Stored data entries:
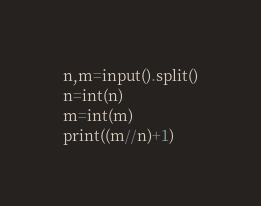<code> <loc_0><loc_0><loc_500><loc_500><_Python_>n,m=input().split()
n=int(n)
m=int(m)
print((m//n)+1)</code> 
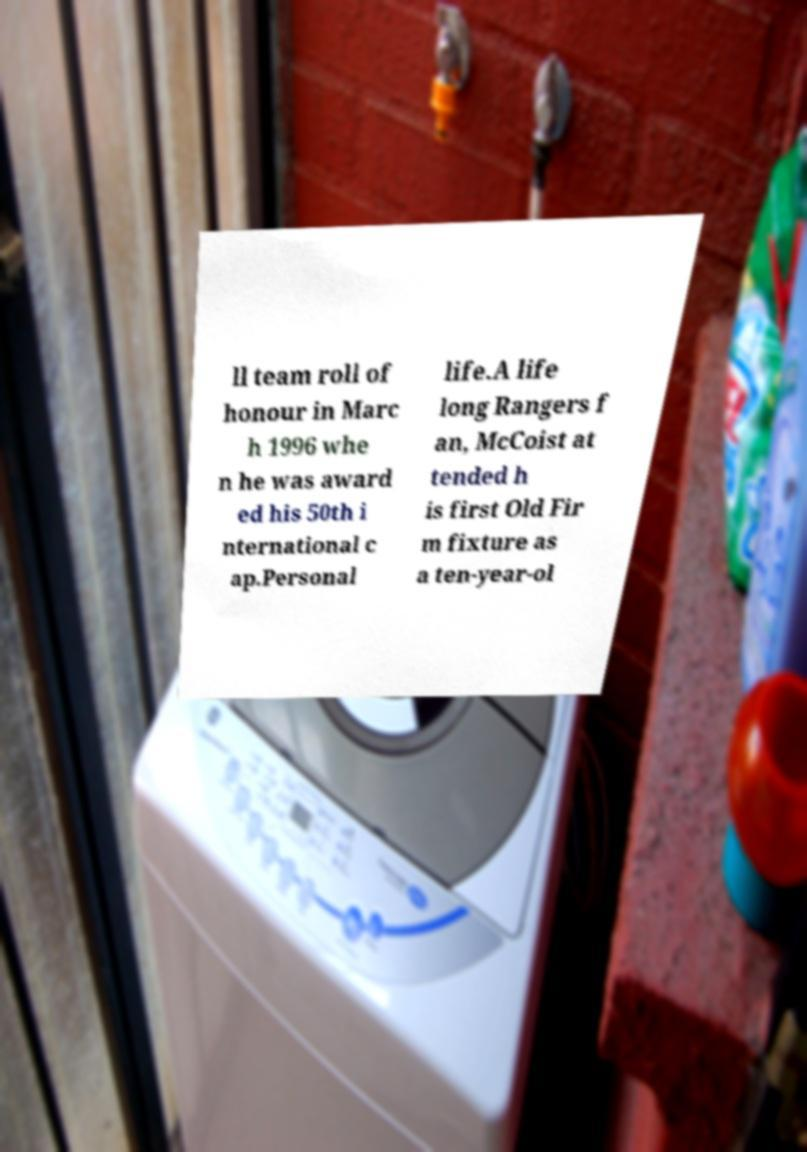Please read and relay the text visible in this image. What does it say? ll team roll of honour in Marc h 1996 whe n he was award ed his 50th i nternational c ap.Personal life.A life long Rangers f an, McCoist at tended h is first Old Fir m fixture as a ten-year-ol

:: PROBLEM TO SOLVE ::
Reproduce only the lines from the line that holds "print((m//n)+1)</code>" through the end of the records, exactly as they stand, both ends included and pictures excluded.

:: EXERCISE RESPONSE ::
print((m//n)+1)</code> 
Please read and relay the text visible in this image. What does it say? ll team roll of honour in Marc h 1996 whe n he was award ed his 50th i nternational c ap.Personal life.A life long Rangers f an, McCoist at tended h is first Old Fir m fixture as a ten-year-ol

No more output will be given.